> **Instructions to follow**
Leaving out any pictures, transcribe every record exactly.
---------- Data to use
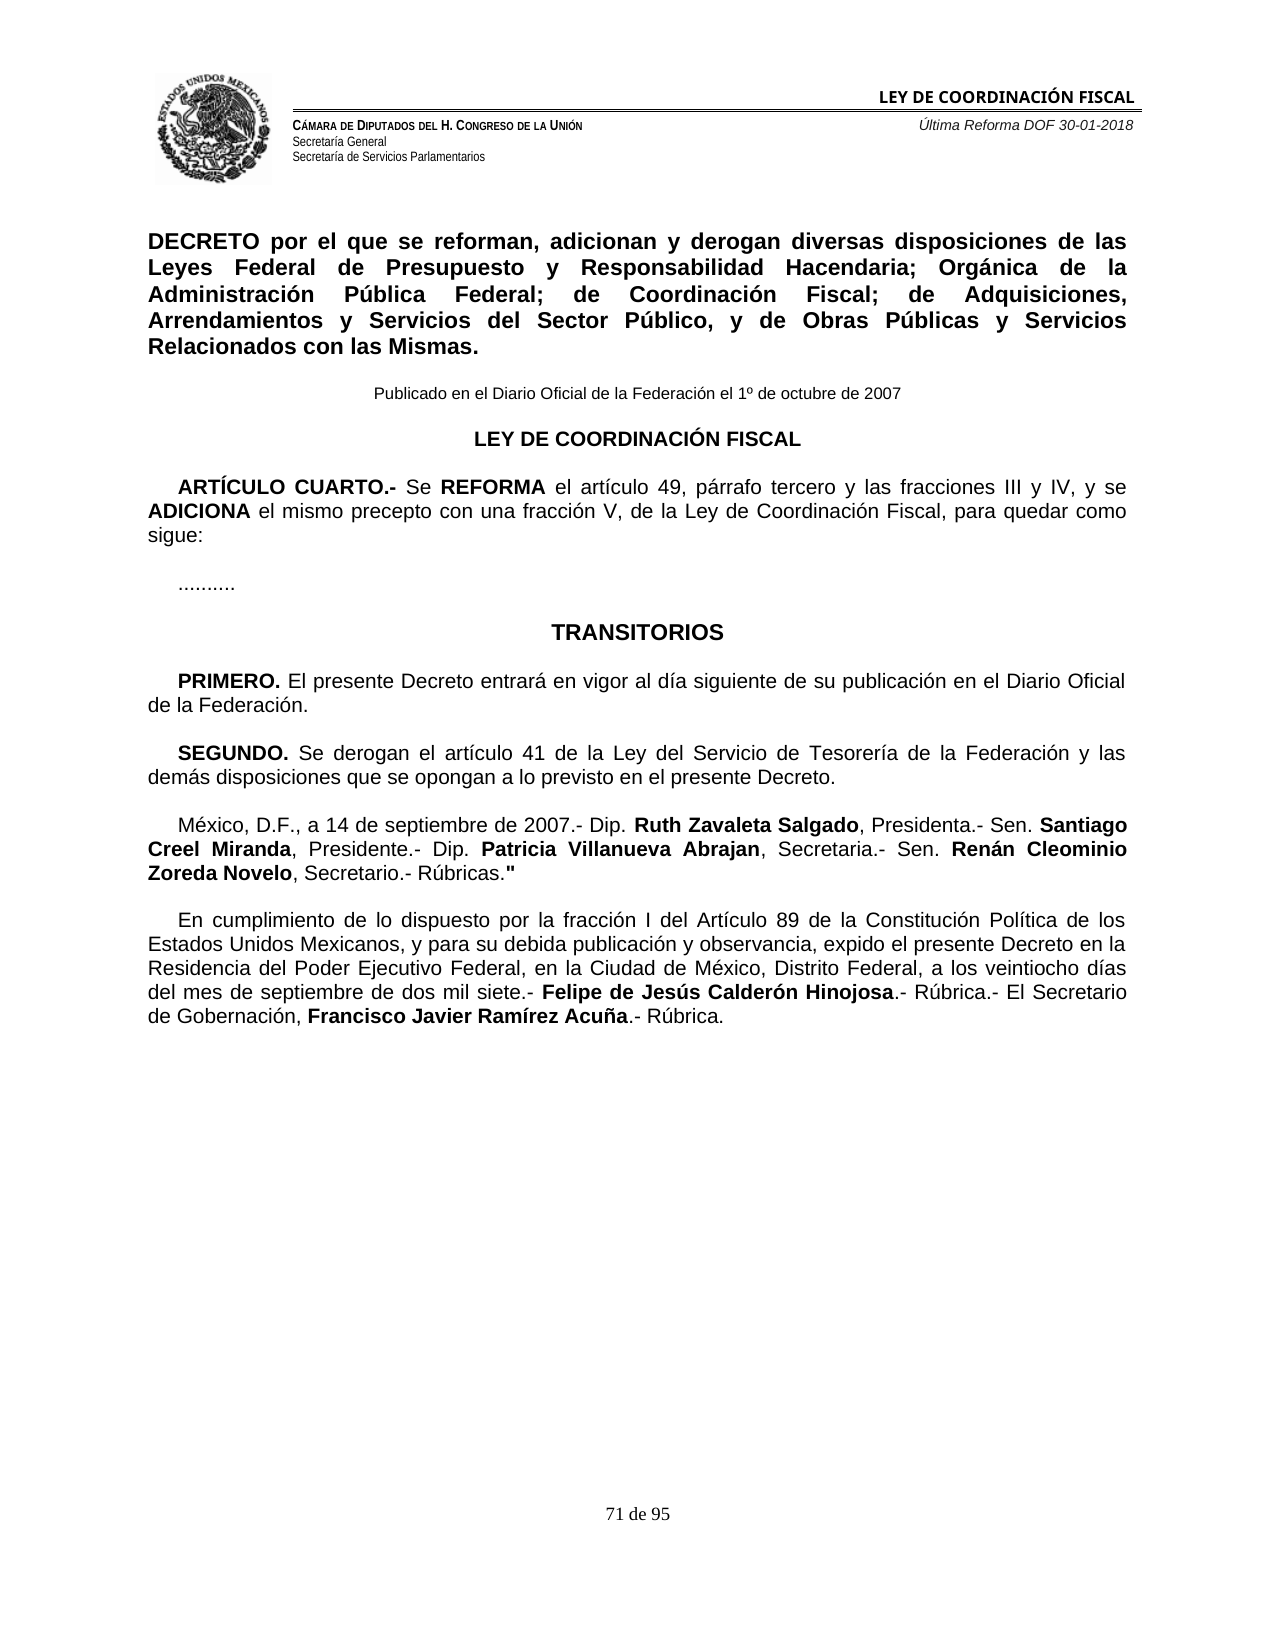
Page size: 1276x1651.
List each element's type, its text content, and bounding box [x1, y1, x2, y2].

text LEY DE COORDINACIÓN FISCAL [148, 427, 1127, 451]
text México, D.F., a 14 de septiembre de 2007.- Dip. Ruth Zavaleta Salgado, Presidenta.- Sen. Santiago Creel Miranda, Presidente.- Dip. Patricia Villanueva Abrajan, Secretaria.- Sen. Renán Cleominio Zoreda Novelo, Secretario.- Rúbricas." [148, 812, 1127, 884]
text DECRETO por el que se reforman, adicionan y derogan diversas disposiciones de las Leyes Federal de Presupuesto y Responsabilidad Hacendaria; Orgánica de la Administración Pública Federal; de Coordinación Fiscal; de Adquisiciones, Arrendamientos y Servicios del Sector Público, y de Obras Públicas y Servicios Relacionados con las Mismas. [148, 228, 1127, 360]
text ARTÍCULO CUARTO.- Se REFORMA el artículo 49, párrafo tercero y las fracciones III y IV, y se ADICIONA el mismo precepto con una fracción V, de la Ley de Coordinación Fiscal, para quedar como sigue: [148, 475, 1127, 547]
text .......... [148, 571, 1127, 594]
text PRIMERO. El presente Decreto entrará en vigor al día siguiente de su publicación en el Diario Oficial de la Federación. [148, 669, 1127, 717]
text SEGUNDO. Se derogan el artículo 41 de la Ley del Servicio de Tesorería de la Federación y las demás disposiciones que se opongan a lo previsto en el presente Decreto. [148, 741, 1127, 788]
text Publicado en el Diario Oficial de la Federación el 1º de octubre de 2007 [148, 384, 1127, 403]
text En cumplimiento de lo dispuesto por la fracción I del Artículo 89 de la Constitución Política de los Estados Unidos Mexicanos, y para su debida publicación y observancia, expido el presente Decreto en la Residencia del Poder Ejecutivo Federal, en la Ciudad de México, Distrito Federal, a los veintiocho días del mes de septiembre de dos mil siete.- Felipe de Jesús Calderón Hinojosa.- Rúbrica.- El Secretario de Gobernación, Francisco Javier Ramírez Acuña.- Rúbrica. [148, 908, 1127, 1028]
text TRANSITORIOS [148, 618, 1127, 645]
--------------------
> **Exercise answer**
Page size: 1276x1651.
List each element's type, its text content, and bounding box [x1, y1, x2, y2].

text LEY DE COORDINACIÓN FISCAL [148, 427, 1127, 451]
text México, D.F., a 14 de septiembre de 2007.- Dip. Ruth Zavaleta Salgado, Presidenta.- Sen. Santiago Creel Miranda, Presidente.- Dip. Patricia Villanueva Abrajan, Secretaria.- Sen. Renán Cleominio Zoreda Novelo, Secretario.- Rúbricas." [148, 812, 1127, 884]
text DECRETO por el que se reforman, adicionan y derogan diversas disposiciones de las Leyes Federal de Presupuesto y Responsabilidad Hacendaria; Orgánica de la Administración Pública Federal; de Coordinación Fiscal; de Adquisiciones, Arrendamientos y Servicios del Sector Público, y de Obras Públicas y Servicios Relacionados con las Mismas. [148, 228, 1127, 360]
text ARTÍCULO CUARTO.- Se REFORMA el artículo 49, párrafo tercero y las fracciones III y IV, y se ADICIONA el mismo precepto con una fracción V, de la Ley de Coordinación Fiscal, para quedar como sigue: [148, 475, 1127, 547]
text .......... [148, 571, 1127, 594]
text PRIMERO. El presente Decreto entrará en vigor al día siguiente de su publicación en el Diario Oficial de la Federación. [148, 669, 1127, 717]
text SEGUNDO. Se derogan el artículo 41 de la Ley del Servicio de Tesorería de la Federación y las demás disposiciones que se opongan a lo previsto en el presente Decreto. [148, 741, 1127, 788]
text Publicado en el Diario Oficial de la Federación el 1º de octubre de 2007 [148, 384, 1127, 403]
text En cumplimiento de lo dispuesto por la fracción I del Artículo 89 de la Constitución Política de los Estados Unidos Mexicanos, y para su debida publicación y observancia, expido el presente Decreto en la Residencia del Poder Ejecutivo Federal, en la Ciudad de México, Distrito Federal, a los veintiocho días del mes de septiembre de dos mil siete.- Felipe de Jesús Calderón Hinojosa.- Rúbrica.- El Secretario de Gobernación, Francisco Javier Ramírez Acuña.- Rúbrica. [148, 908, 1127, 1028]
text TRANSITORIOS [148, 618, 1127, 645]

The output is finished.